AWS Glue is a fully
managed ETL service that makes it simple and cost-effective to categorize your
data, clean it, enrich it, and move it reliably between various data stores.
Glue job is the business logic that automate the extract, transform, and
transfer data to different locations.
Glue job creates a Hadoop task in the backend and since it uses Hadoop ecosystem all the nodes in the cluster must be able to find using the FQDN and communicate with each other. To satisfy Hadoop DNS lookup, both forward and reverse lookups must succeed. When you use the default DHCP option set with AmazonProvidedDNS, it automatically creates the DNS record for the nodes that’s getting created in the VPC.
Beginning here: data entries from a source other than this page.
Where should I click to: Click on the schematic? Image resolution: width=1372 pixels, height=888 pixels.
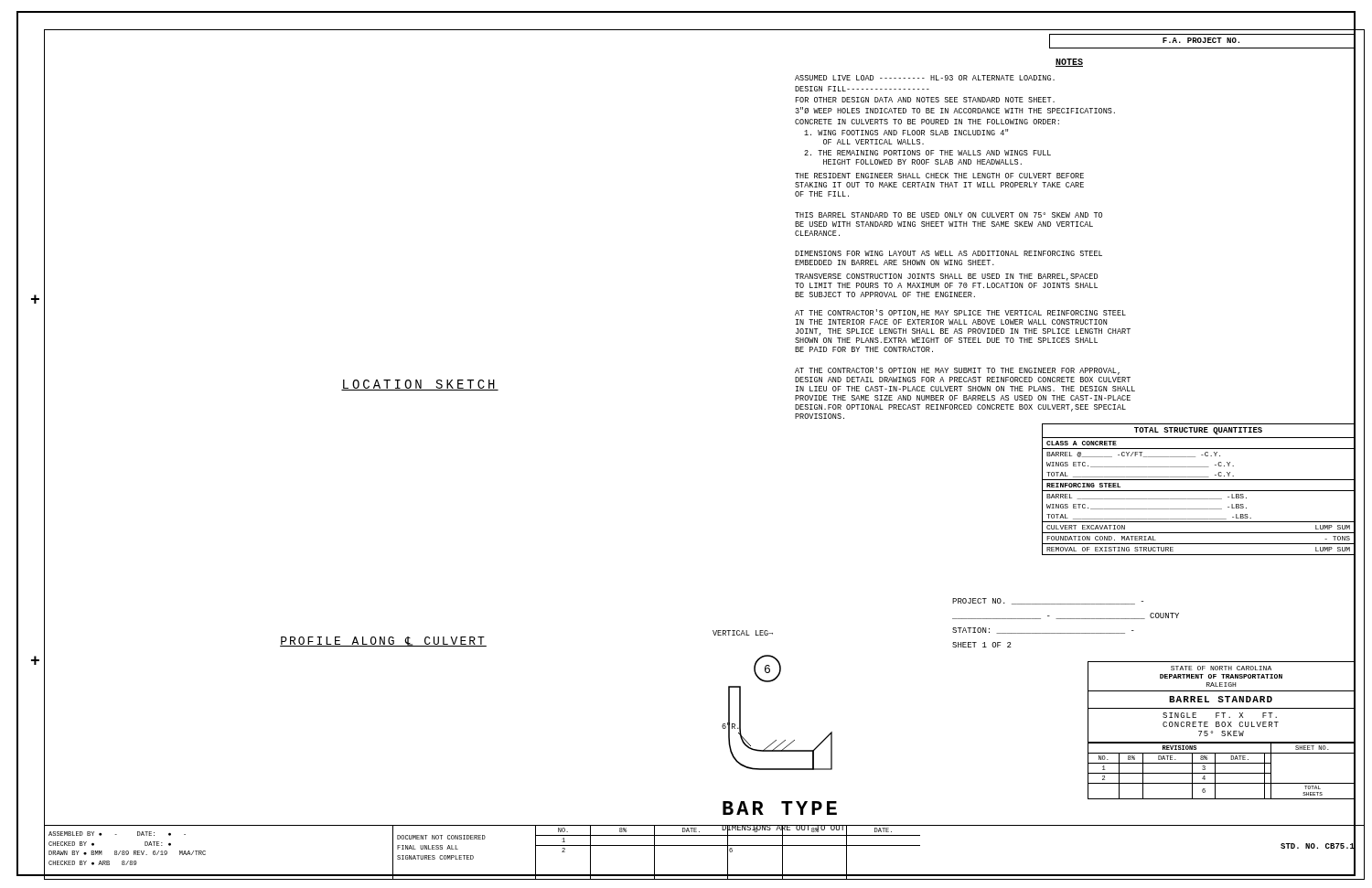point(786,714)
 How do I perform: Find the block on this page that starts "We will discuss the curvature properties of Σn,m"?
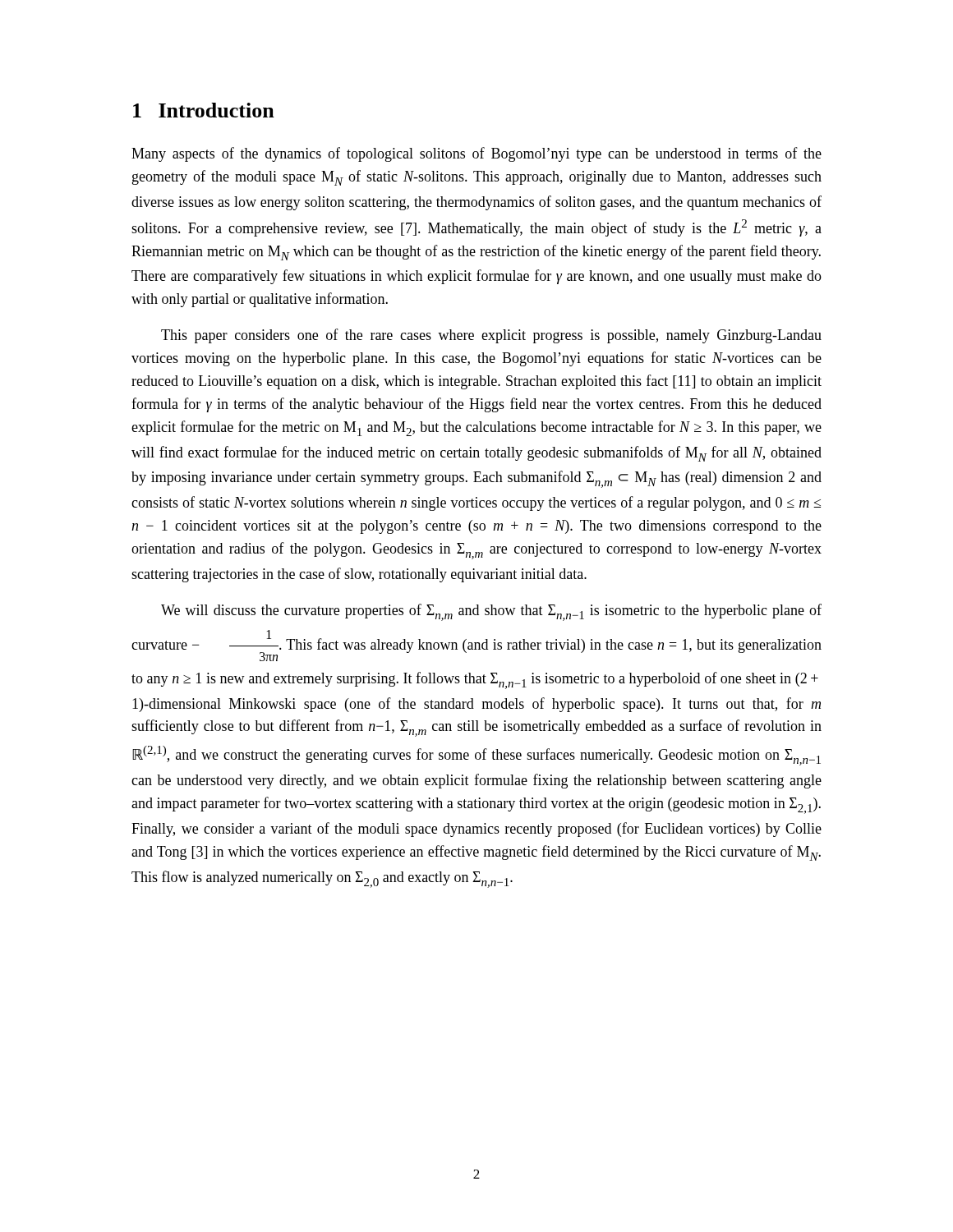tap(476, 745)
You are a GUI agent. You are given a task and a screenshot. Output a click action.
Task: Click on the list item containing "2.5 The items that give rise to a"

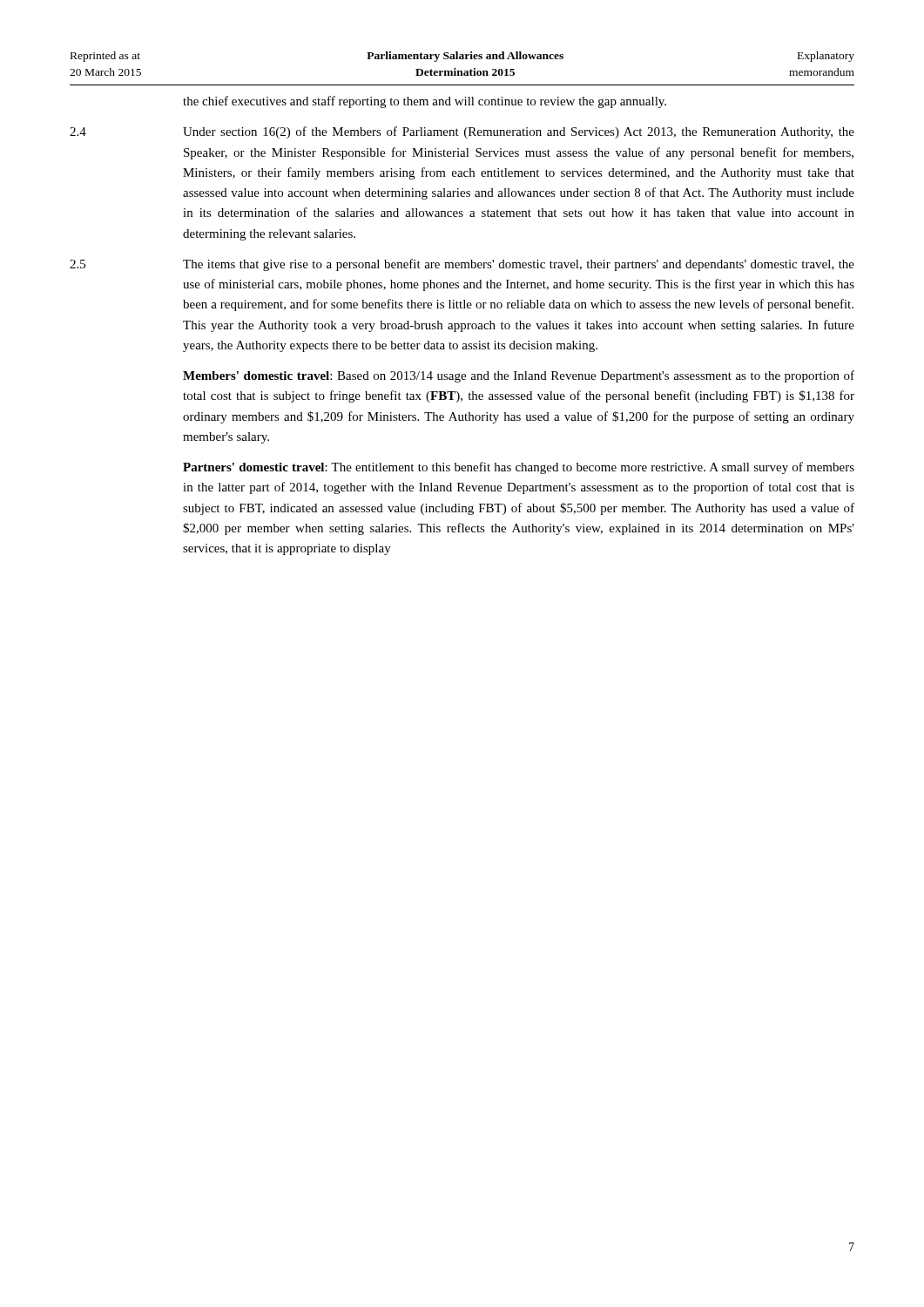point(462,406)
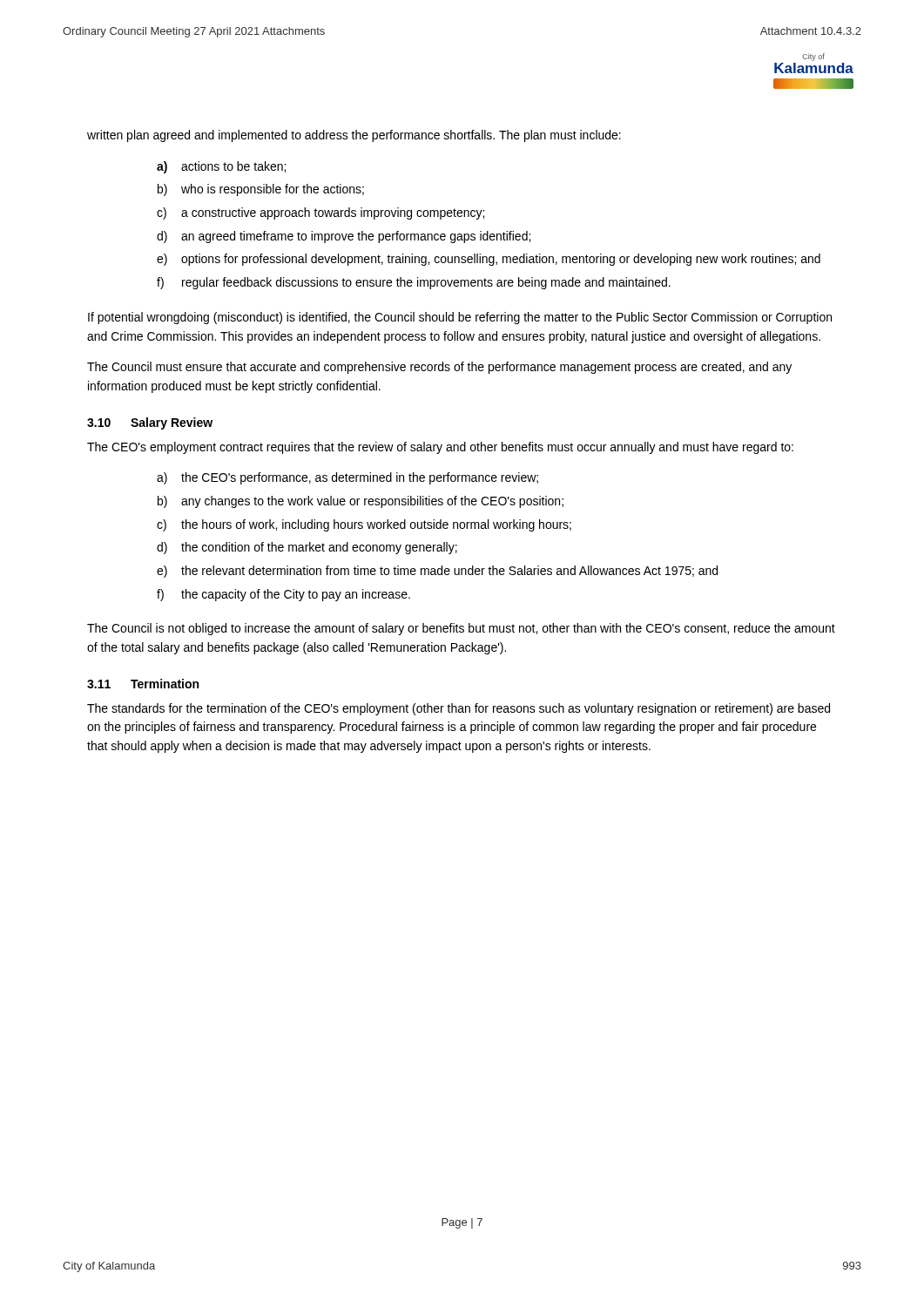Click on the region starting "If potential wrongdoing (misconduct) is identified,"
Viewport: 924px width, 1307px height.
(x=460, y=326)
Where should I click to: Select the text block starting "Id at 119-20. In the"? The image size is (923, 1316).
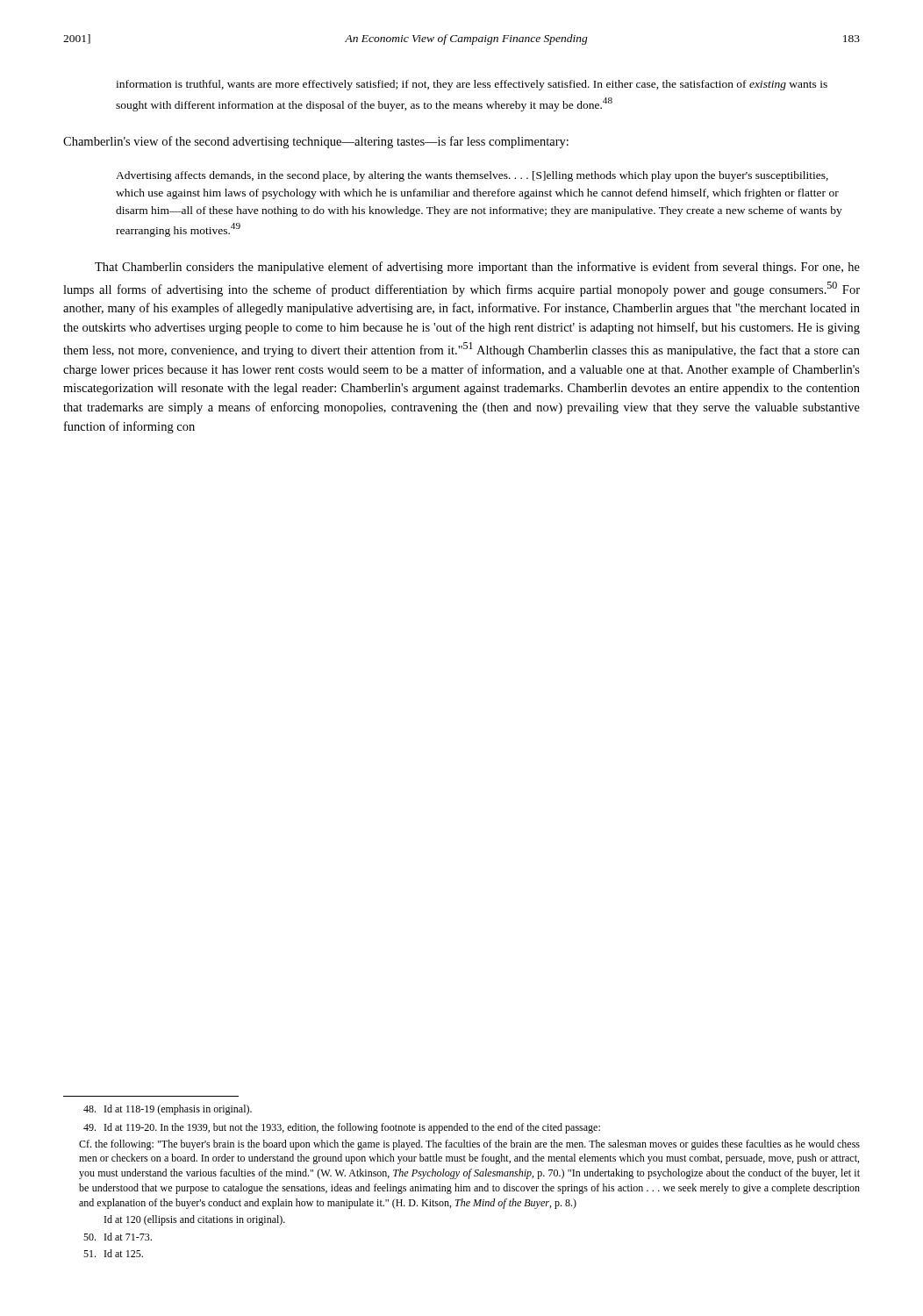462,1174

When you have custom domain name and DNS server configured in the DHCP options of your VPC it won’t auto-generate the DNS hostname records. In this scenario, you shall use one of the following two options to run a Glue job.
Create small subnets
in your VPC specifically for Glue jobs. Then you create hostname A record for
all the IP addresses in the subnet with the naming convention as
ip-10-100-11-25.custom.domain and create PTR records for all the hostnames to
enable reverse lookup. This will enable the Glue job to successfully resolve
the FQDN to the appropriate IP address. Example configuration of similar setup
using BIND is explained in the AWS blog post titled “Launching
and Running an Amazon EMR Cluster in your VPC – Part 2: Custom DNS”
Create a separate VPC
for Glue jobs (glue-jobs-vpc) with the default DHCP options of Amazon provided
domain name and Amazon provided DNS server. Configure VPC peering between the
Glue jobs VPC (glue-job-vpc) & the production VPC with custom DNS server
configured where the datastore is located. With this setup, when you launch a
Glue job it will be executed in the Glue jobs VPC which will use the default
settings and will be able to successfully resolve the FQDN, and also it will be
able to connect to the datastore using the VPC peering.
Following diagram show
the simple depiction of the option 2 discussed above.
You learned two
different approach to run AWS Glue jobs while having your datastore in a VPC
with custom DNS configuration. In both the options that we discussed above plan
the VPC/Subnet size according to your need.